Work instruction: Leaving out all images, write out the records that follow exactly.

[Items listed in a dataset]
........

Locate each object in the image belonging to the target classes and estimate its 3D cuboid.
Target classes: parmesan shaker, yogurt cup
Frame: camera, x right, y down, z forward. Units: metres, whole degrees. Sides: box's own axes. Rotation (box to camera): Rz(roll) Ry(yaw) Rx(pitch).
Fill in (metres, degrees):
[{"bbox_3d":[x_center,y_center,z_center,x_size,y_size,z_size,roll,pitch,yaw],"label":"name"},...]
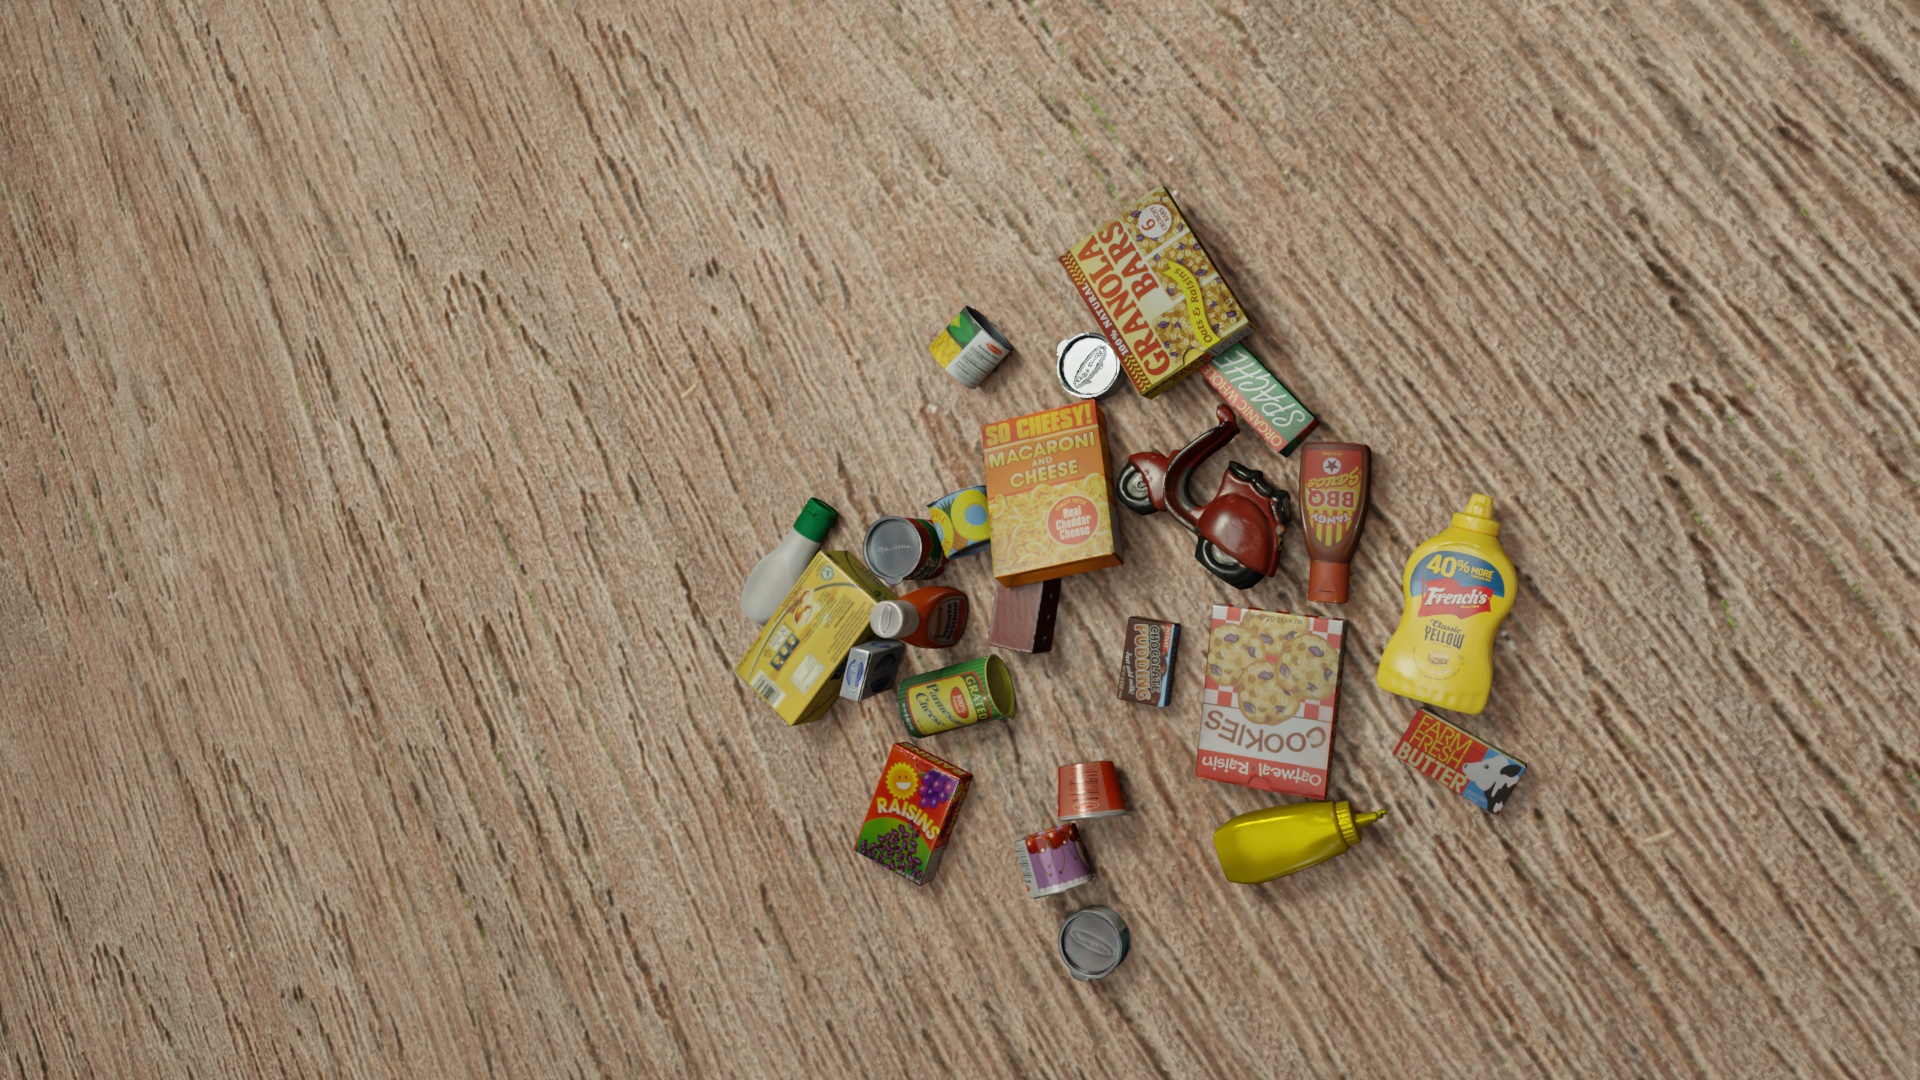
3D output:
[{"bbox_3d":[-0.004,0.163,1.422,0.103,0.071,0.071,-18,82,22],"label":"parmesan shaker"},{"bbox_3d":[0.126,0.246,1.366,0.072,0.072,0.054,-12,76,22],"label":"yogurt cup"}]

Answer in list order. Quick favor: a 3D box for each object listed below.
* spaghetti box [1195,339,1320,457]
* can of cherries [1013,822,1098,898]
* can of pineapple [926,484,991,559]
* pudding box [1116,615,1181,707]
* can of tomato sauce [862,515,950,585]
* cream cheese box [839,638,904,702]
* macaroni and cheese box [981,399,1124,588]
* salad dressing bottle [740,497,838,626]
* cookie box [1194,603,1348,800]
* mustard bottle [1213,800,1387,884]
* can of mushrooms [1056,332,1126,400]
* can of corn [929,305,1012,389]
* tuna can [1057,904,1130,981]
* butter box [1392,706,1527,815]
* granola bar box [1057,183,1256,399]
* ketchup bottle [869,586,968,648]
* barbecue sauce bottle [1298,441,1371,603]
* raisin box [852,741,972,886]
[{"bbox_3d":[0.245,-0.186,1.350,0.050,0.029,0.250,-46,72,16],"label":"spaghetti box"},{"bbox_3d":[0.094,0.316,1.376,0.071,0.071,0.058,-21,79,21],"label":"can of cherries"},{"bbox_3d":[0.005,-0.018,1.424,0.071,0.071,0.058,-24,79,21],"label":"can of pineapple"},{"bbox_3d":[0.185,0.119,1.363,0.049,0.030,0.083,9,92,22],"label":"pudding box"},{"bbox_3d":[-0.053,0.010,1.439,0.071,0.083,0.071,-1,88,23],"label":"can of tomato sauce"},{"bbox_3d":[-0.090,0.133,1.439,0.024,0.104,0.053,16,96,16],"label":"cream cheese box"},{"bbox_3d":[0.089,-0.046,1.377,0.123,0.040,0.167,-12,66,17],"label":"macaroni and cheese box"},{"bbox_3d":[-0.185,0.023,1.517,0.064,0.044,0.147,36,101,23],"label":"salad dressing bottle"},{"bbox_3d":[0.293,0.150,1.311,0.123,0.040,0.167,6,91,23],"label":"cookie box"},{"bbox_3d":[0.319,0.274,1.290,0.160,0.049,0.065,-19,81,20],"label":"mustard bottle"},{"bbox_3d":[0.131,-0.176,1.396,0.071,0.033,0.071,0,89,23],"label":"can of mushrooms"},{"bbox_3d":[0.010,-0.200,1.432,0.058,0.071,0.071,-46,72,16],"label":"can of corn"},{"bbox_3d":[0.132,0.398,1.373,0.071,0.033,0.071,-1,88,23],"label":"tuna can"},{"bbox_3d":[0.449,0.197,1.251,0.103,0.024,0.053,30,99,21],"label":"butter box"},{"bbox_3d":[0.188,-0.239,1.339,0.124,0.039,0.166,-34,75,19],"label":"granola bar box"},{"bbox_3d":[-0.042,0.078,1.396,0.043,0.149,0.064,12,93,24],"label":"ketchup bottle"},{"bbox_3d":[0.346,-0.016,1.293,0.065,0.044,0.148,3,90,22],"label":"barbecue sauce bottle"},{"bbox_3d":[-0.050,0.284,1.451,0.086,0.040,0.123,23,96,23],"label":"raisin box"}]
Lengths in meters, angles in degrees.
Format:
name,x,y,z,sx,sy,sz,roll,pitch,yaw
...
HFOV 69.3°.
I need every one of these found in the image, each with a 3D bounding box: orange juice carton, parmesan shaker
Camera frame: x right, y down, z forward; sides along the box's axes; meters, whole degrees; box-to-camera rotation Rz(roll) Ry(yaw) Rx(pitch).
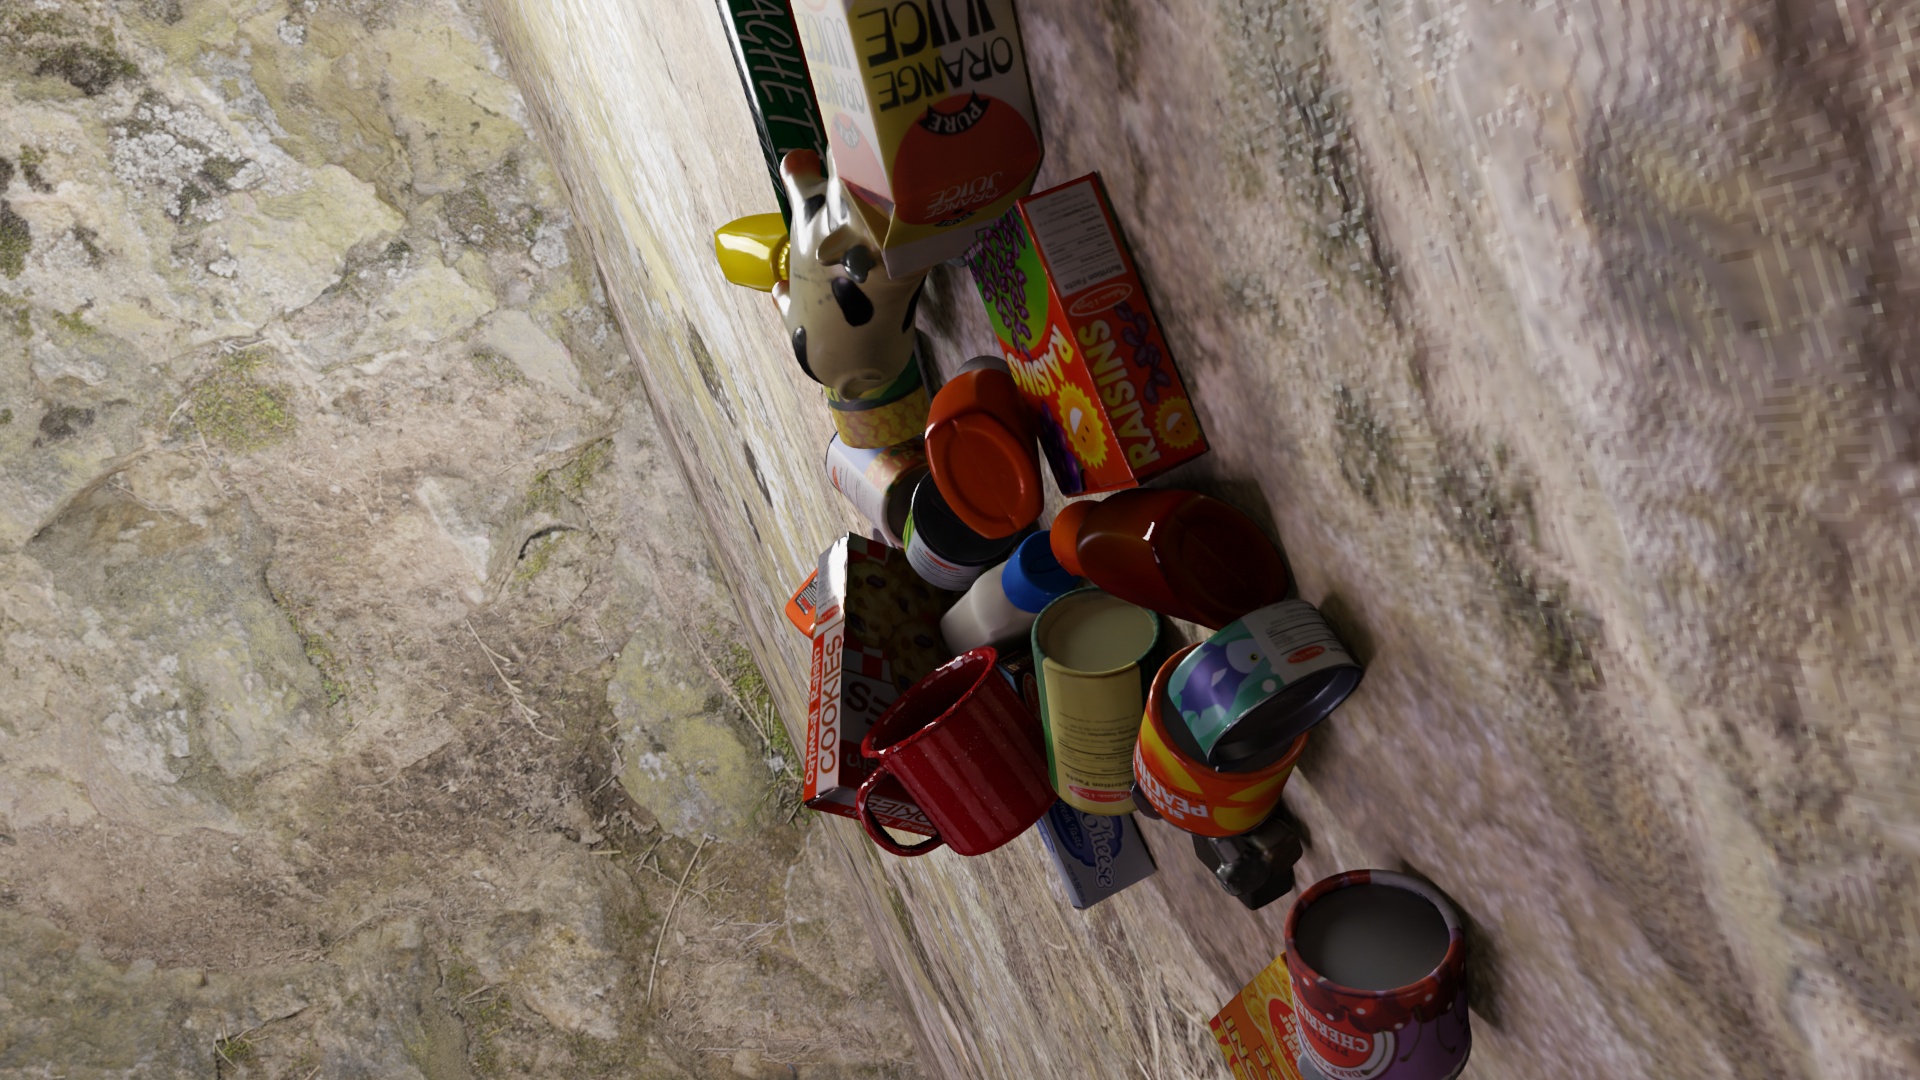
name,x,y,z,sx,sy,sz,roll,pitch,yaw
orange juice carton,-0.022,-0.211,0.589,0.073,0.072,0.191,42,151,58
parmesan shaker,0.076,0.081,0.704,0.071,0.071,0.102,51,157,46

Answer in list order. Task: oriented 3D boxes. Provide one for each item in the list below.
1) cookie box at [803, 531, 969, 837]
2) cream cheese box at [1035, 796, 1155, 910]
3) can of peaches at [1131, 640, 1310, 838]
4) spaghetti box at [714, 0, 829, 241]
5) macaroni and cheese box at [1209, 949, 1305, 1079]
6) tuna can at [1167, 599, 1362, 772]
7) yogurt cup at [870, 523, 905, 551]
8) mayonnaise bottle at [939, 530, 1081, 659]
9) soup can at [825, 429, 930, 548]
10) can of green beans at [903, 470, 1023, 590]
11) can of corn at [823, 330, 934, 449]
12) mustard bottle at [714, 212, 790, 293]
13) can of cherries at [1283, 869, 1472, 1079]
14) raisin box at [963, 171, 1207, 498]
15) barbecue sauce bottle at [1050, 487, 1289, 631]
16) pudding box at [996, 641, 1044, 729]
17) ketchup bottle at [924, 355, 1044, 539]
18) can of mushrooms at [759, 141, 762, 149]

........

Solution to this task:
Locate each object in the image belonging to the target classes and estimate its 3D cuboid.
Target classes: parmesan shaker, yogurt cup
Frame: camera, x right, y down, z forward. Units: metres, whole degrees. Sides: box's own axes. Rotation (box to camera): Rz(roll) Ry(yaw) Rx(pitch).
Fill in (metres, degrees):
[{"bbox_3d":[x_center,y_center,z_center,x_size,y_size,z_size,roll,pitch,yaw],"label":"name"},...]
3D output:
[{"bbox_3d":[-0.004,0.163,1.422,0.103,0.071,0.071,-18,82,22],"label":"parmesan shaker"},{"bbox_3d":[0.126,0.246,1.366,0.072,0.072,0.054,-12,76,22],"label":"yogurt cup"}]

Answer in list order. Quick favor: a 3D box for each object listed below.
* spaghetti box [1195,339,1320,457]
* can of cherries [1013,822,1098,898]
* can of pineapple [926,484,991,559]
* pudding box [1116,615,1181,707]
* can of tomato sauce [862,515,950,585]
* cream cheese box [839,638,904,702]
* macaroni and cheese box [981,399,1124,588]
* salad dressing bottle [740,497,838,626]
* cookie box [1194,603,1348,800]
* mustard bottle [1213,800,1387,884]
* can of mushrooms [1056,332,1126,400]
* can of corn [929,305,1012,389]
* tuna can [1057,904,1130,981]
* butter box [1392,706,1527,815]
* granola bar box [1057,183,1256,399]
* ketchup bottle [869,586,968,648]
* barbecue sauce bottle [1298,441,1371,603]
* raisin box [852,741,972,886]
[{"bbox_3d":[0.245,-0.186,1.350,0.050,0.029,0.250,-46,72,16],"label":"spaghetti box"},{"bbox_3d":[0.094,0.316,1.376,0.071,0.071,0.058,-21,79,21],"label":"can of cherries"},{"bbox_3d":[0.005,-0.018,1.424,0.071,0.071,0.058,-24,79,21],"label":"can of pineapple"},{"bbox_3d":[0.185,0.119,1.363,0.049,0.030,0.083,9,92,22],"label":"pudding box"},{"bbox_3d":[-0.053,0.010,1.439,0.071,0.083,0.071,-1,88,23],"label":"can of tomato sauce"},{"bbox_3d":[-0.090,0.133,1.439,0.024,0.104,0.053,16,96,16],"label":"cream cheese box"},{"bbox_3d":[0.089,-0.046,1.377,0.123,0.040,0.167,-12,66,17],"label":"macaroni and cheese box"},{"bbox_3d":[-0.185,0.023,1.517,0.064,0.044,0.147,36,101,23],"label":"salad dressing bottle"},{"bbox_3d":[0.293,0.150,1.311,0.123,0.040,0.167,6,91,23],"label":"cookie box"},{"bbox_3d":[0.319,0.274,1.290,0.160,0.049,0.065,-19,81,20],"label":"mustard bottle"},{"bbox_3d":[0.131,-0.176,1.396,0.071,0.033,0.071,0,89,23],"label":"can of mushrooms"},{"bbox_3d":[0.010,-0.200,1.432,0.058,0.071,0.071,-46,72,16],"label":"can of corn"},{"bbox_3d":[0.132,0.398,1.373,0.071,0.033,0.071,-1,88,23],"label":"tuna can"},{"bbox_3d":[0.449,0.197,1.251,0.103,0.024,0.053,30,99,21],"label":"butter box"},{"bbox_3d":[0.188,-0.239,1.339,0.124,0.039,0.166,-34,75,19],"label":"granola bar box"},{"bbox_3d":[-0.042,0.078,1.396,0.043,0.149,0.064,12,93,24],"label":"ketchup bottle"},{"bbox_3d":[0.346,-0.016,1.293,0.065,0.044,0.148,3,90,22],"label":"barbecue sauce bottle"},{"bbox_3d":[-0.050,0.284,1.451,0.086,0.040,0.123,23,96,23],"label":"raisin box"}]
Lengths in meters, angles in degrees.
Format:
name,x,y,z,sx,sy,sz,roll,pitch,yaw
...
HFOV 69.3°.
I need every one of these found in the image, each with a 3D bounding box: orange juice carton, parmesan shaker
Camera frame: x right, y down, z forward; sides along the box's axes; meters, whole degrees; box-to-camera rotation Rz(roll) Ry(yaw) Rx(pitch).
name,x,y,z,sx,sy,sz,roll,pitch,yaw
orange juice carton,-0.022,-0.211,0.589,0.073,0.072,0.191,42,151,58
parmesan shaker,0.076,0.081,0.704,0.071,0.071,0.102,51,157,46

Answer in list order. Task: oriented 3D boxes. Provide one for each item in the list below.
1) cookie box at [803, 531, 969, 837]
2) cream cheese box at [1035, 796, 1155, 910]
3) can of peaches at [1131, 640, 1310, 838]
4) spaghetti box at [714, 0, 829, 241]
5) macaroni and cheese box at [1209, 949, 1305, 1079]
6) tuna can at [1167, 599, 1362, 772]
7) yogurt cup at [870, 523, 905, 551]
8) mayonnaise bottle at [939, 530, 1081, 659]
9) soup can at [825, 429, 930, 548]
10) can of green beans at [903, 470, 1023, 590]
11) can of corn at [823, 330, 934, 449]
12) mustard bottle at [714, 212, 790, 293]
13) can of cherries at [1283, 869, 1472, 1079]
14) raisin box at [963, 171, 1207, 498]
15) barbecue sauce bottle at [1050, 487, 1289, 631]
16) pudding box at [996, 641, 1044, 729]
17) ketchup bottle at [924, 355, 1044, 539]
18) can of mushrooms at [759, 141, 762, 149]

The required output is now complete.